Distribution Solutions Group on Thursday said sales and earnings soared in its latest fiscal quarter, the second to be issued after the closing of the merger that created the company earlier this year.
The Chicago-based company, which changed its name after Lawson Products acquired TestEquity and Gexpro Services, again contrasted its quarterly results with the combined totals of its component companies from the third quarter of 2021 according to generally accepted accounting principles.
Under that formula, the company’s net sales increased from nearly $130 million to more than $347 million — an increase of 163% — while operating income rose more than 300% from $5.5 million to $22 million.
Adjusted net sales and operating income rose somewhat more modestly, at 46% and 118%, respectively, while adjusted EBITDA was up 63.5%. Earnings per diluted share were $0.84, up from $0.12 in the same quarter one year ago.
DSG officials praised the leaders of Lawson, TestEquity and Gexpro for their efforts on bolstering sales and cost efficiencies.
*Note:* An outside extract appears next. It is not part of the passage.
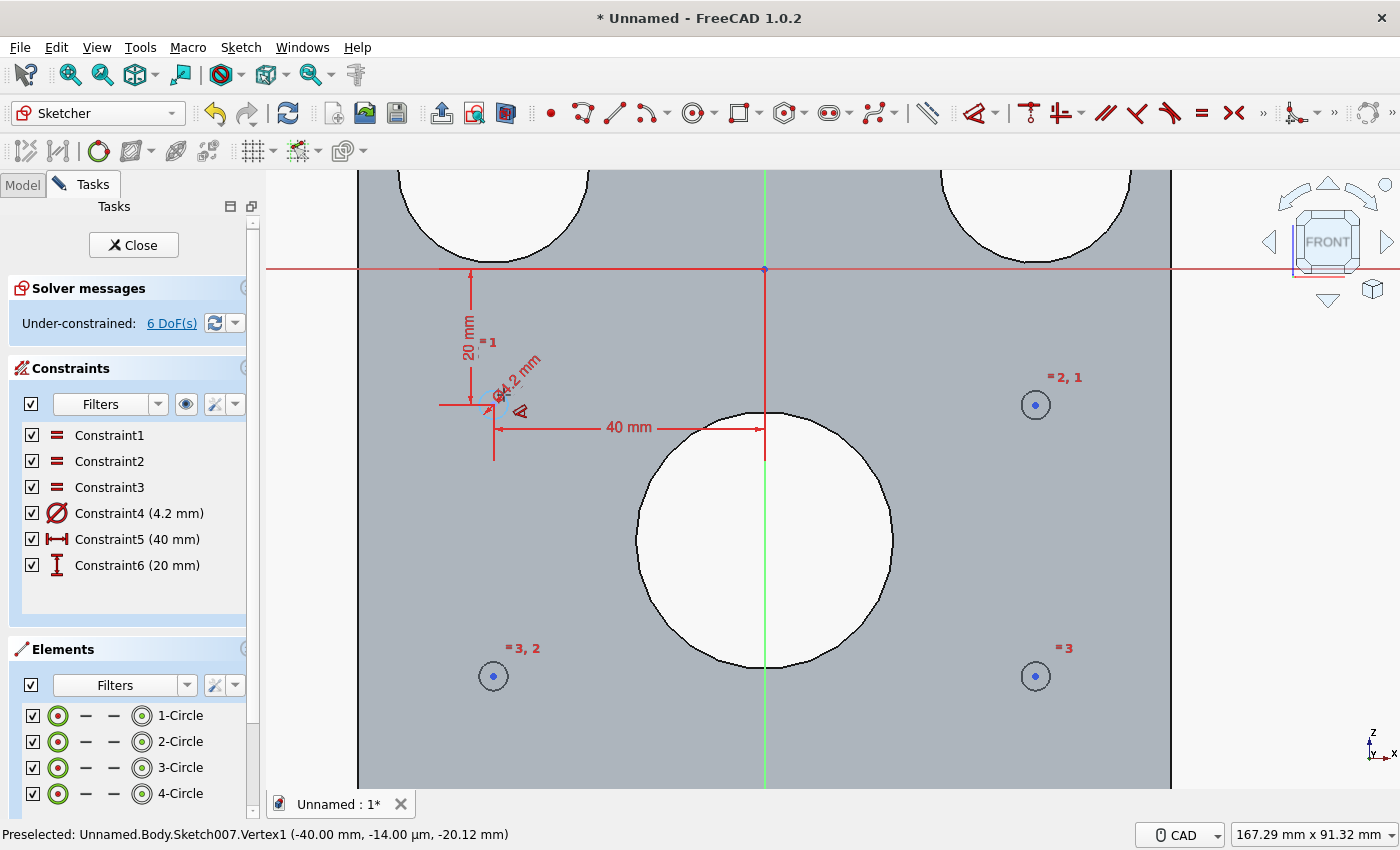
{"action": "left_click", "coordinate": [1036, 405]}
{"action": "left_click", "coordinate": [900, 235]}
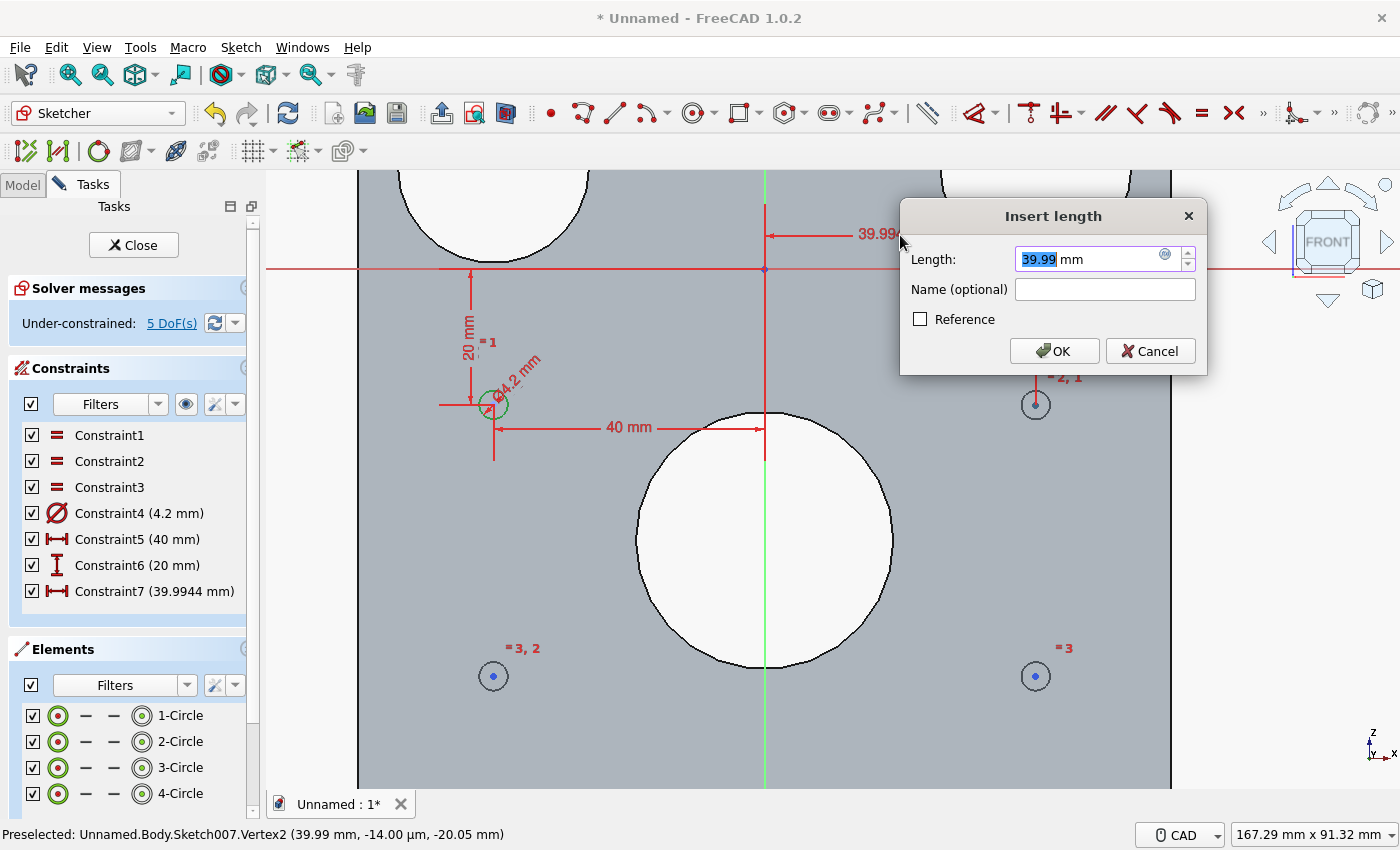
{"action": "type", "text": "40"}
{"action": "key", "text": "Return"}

Although the third quarter tends to be its strongest, the company said higher compensation and healthcare costs put a dent in the otherwise robust numbers.
"We continue to build our leadership positions in the specialty distribution industry, and believe that our disciplined execution of planned strategies will position us well to capture market share in this environment,” DSG Chairman and CEO Bryan King said in a statement.